将`prepare_validation_features`应用到整个验证集：

In [39]:
validation_features = datasets["validation"].map(
    prepare_validation_features,
    batched=True,
    remove_columns=datasets["validation"].column_names
)

Map:   0%|          | 0/10570 [00:00<?, ? examples/s]

Now we can grab the predictions for all features by using the `Trainer.predict` method:

In [40]:
raw_predictions = trainer.predict(validation_features)

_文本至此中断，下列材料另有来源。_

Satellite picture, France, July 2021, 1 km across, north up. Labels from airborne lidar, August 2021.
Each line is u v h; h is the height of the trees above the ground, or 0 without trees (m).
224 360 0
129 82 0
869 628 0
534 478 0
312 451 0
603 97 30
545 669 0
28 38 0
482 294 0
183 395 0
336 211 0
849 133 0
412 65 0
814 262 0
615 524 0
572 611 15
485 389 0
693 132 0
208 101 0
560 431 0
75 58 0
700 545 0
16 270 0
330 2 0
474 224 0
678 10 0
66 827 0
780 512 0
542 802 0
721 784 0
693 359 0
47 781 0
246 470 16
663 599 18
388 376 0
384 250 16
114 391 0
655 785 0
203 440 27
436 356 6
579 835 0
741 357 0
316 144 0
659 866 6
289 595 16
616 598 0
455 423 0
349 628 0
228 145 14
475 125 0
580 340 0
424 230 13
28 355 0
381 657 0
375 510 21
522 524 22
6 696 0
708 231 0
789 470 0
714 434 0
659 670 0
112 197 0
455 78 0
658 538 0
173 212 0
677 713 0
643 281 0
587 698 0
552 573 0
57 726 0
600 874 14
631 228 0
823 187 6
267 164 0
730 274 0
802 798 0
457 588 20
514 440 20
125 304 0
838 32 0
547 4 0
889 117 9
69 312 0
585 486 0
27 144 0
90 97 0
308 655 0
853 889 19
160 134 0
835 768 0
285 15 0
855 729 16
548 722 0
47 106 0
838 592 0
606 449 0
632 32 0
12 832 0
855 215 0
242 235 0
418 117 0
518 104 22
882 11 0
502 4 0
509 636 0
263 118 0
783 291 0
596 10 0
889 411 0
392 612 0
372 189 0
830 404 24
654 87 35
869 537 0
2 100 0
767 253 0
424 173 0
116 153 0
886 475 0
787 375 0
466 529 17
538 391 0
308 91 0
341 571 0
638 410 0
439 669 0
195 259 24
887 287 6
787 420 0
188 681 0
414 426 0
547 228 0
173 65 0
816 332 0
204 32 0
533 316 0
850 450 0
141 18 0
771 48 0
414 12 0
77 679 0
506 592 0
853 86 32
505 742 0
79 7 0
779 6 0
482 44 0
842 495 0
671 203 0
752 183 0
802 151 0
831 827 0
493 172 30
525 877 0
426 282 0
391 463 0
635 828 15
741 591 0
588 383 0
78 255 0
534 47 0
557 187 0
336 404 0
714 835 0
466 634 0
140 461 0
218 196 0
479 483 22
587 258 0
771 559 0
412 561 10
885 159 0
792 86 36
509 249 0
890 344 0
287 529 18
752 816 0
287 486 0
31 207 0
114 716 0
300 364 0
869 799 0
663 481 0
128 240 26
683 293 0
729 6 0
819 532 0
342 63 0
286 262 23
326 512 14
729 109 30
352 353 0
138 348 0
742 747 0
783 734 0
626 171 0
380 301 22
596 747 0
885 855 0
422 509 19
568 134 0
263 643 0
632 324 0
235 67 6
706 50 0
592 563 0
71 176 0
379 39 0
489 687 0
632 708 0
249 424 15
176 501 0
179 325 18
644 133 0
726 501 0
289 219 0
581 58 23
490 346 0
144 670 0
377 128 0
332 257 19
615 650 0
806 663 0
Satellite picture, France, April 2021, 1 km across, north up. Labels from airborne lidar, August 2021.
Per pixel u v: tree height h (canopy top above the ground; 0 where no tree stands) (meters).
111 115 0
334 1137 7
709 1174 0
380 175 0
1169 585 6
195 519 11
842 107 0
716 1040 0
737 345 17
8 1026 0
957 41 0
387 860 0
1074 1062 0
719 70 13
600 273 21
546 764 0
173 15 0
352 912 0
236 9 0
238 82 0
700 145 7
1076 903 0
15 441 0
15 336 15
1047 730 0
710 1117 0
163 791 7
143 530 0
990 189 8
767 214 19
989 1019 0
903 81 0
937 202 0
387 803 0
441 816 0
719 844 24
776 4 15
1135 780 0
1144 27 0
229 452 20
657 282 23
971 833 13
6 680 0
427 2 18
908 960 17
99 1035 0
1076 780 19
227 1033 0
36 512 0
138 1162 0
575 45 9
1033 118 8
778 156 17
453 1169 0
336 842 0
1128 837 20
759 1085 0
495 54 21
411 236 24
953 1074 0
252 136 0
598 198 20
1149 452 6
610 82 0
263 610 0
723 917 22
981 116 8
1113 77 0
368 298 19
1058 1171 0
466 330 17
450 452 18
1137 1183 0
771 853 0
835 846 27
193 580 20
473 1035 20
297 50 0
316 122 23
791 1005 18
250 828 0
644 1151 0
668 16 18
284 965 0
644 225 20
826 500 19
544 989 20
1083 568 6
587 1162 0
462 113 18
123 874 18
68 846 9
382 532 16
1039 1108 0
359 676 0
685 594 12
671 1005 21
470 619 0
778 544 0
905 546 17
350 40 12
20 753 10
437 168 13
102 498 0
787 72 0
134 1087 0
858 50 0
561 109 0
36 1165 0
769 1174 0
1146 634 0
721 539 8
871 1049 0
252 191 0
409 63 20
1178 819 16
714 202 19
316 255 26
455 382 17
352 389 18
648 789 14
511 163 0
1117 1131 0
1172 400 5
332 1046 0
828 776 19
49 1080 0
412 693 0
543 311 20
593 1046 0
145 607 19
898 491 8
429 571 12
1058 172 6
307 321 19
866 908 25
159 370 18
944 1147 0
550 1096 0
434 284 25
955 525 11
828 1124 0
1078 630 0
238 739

`Trainer`会隐藏模型不使用的列（在这里是`example_id`和`offset_mapping`，我们需要它们进行后处理），所以我们需要将它们重新设置回来：

In [41]:
validation_features.set_format(type=validation_features.format["type"], columns=list(validation_features.features.keys()))

现在，我们可以改进之前的测试：

由于在偏移映射中，当它对应于问题的一部分时，我们将其设置为None，因此可以轻松检查答案是否完全在上下文中。我们还可以从考虑中排除非常长的答案（可以调整的超参数）。

展开说下具体实现：
- 首先从模型输出中获取起始和结束的逻辑值（logits），这些值表明答案在文本中可能开始和结束的位置。
- 然后，它使用偏移映射（offset_mapping）来找到这些逻辑值在原始文本中的具体位置。
- 接下来，代码遍历可能的开始和结束索引组合，排除那些不在上下文范围内或长度不合适的答案。
- 对于有效的答案，它计算出一个分数（基于开始和结束逻辑值的和），并将答案及其分数存储起来。
- 最后，它根据分数对答案进行排序，并返回得分最高的几个答案。

In [42]:
max_answer_length = 30

In [43]:
start_logits = output.start_logits[0].cpu().numpy()
end_logits = output.end_logits[0].cpu().numpy()
offset_mapping = validation_features[0]["offset_mapping"]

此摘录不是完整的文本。